Top of Data for this task

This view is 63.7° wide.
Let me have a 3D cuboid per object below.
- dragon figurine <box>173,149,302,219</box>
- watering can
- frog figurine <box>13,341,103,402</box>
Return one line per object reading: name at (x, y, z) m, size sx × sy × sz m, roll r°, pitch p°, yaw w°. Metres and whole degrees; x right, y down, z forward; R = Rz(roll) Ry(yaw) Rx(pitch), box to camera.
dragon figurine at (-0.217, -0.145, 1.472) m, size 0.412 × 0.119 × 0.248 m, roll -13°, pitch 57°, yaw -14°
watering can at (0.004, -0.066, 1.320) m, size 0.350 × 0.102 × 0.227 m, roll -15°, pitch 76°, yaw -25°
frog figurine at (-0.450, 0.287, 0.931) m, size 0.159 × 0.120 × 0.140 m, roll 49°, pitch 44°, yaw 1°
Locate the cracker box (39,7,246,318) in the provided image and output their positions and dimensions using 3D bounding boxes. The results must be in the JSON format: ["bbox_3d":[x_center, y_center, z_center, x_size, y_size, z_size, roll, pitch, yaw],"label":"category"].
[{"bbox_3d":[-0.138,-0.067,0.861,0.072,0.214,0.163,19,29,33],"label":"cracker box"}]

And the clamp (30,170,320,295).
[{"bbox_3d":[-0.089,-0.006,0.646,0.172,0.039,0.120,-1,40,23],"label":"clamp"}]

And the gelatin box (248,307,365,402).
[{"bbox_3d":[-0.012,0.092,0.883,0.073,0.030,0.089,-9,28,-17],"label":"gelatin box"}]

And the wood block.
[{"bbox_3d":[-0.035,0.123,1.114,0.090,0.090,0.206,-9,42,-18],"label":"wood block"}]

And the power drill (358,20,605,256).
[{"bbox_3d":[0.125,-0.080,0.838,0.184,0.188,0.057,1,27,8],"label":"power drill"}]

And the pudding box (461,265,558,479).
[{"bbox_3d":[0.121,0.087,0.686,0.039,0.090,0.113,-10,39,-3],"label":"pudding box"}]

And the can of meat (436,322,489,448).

Bottom of Data for this task

## Instructions for the task
Lines from the one with "And the wood block." through the end of the data: set these down exactly, including both ends and nothing more.

## Exercise answer
And the wood block.
[{"bbox_3d":[-0.035,0.123,1.114,0.090,0.090,0.206,-9,42,-18],"label":"wood block"}]

And the power drill (358,20,605,256).
[{"bbox_3d":[0.125,-0.080,0.838,0.184,0.188,0.057,1,27,8],"label":"power drill"}]

And the pudding box (461,265,558,479).
[{"bbox_3d":[0.121,0.087,0.686,0.039,0.090,0.113,-10,39,-3],"label":"pudding box"}]

And the can of meat (436,322,489,448).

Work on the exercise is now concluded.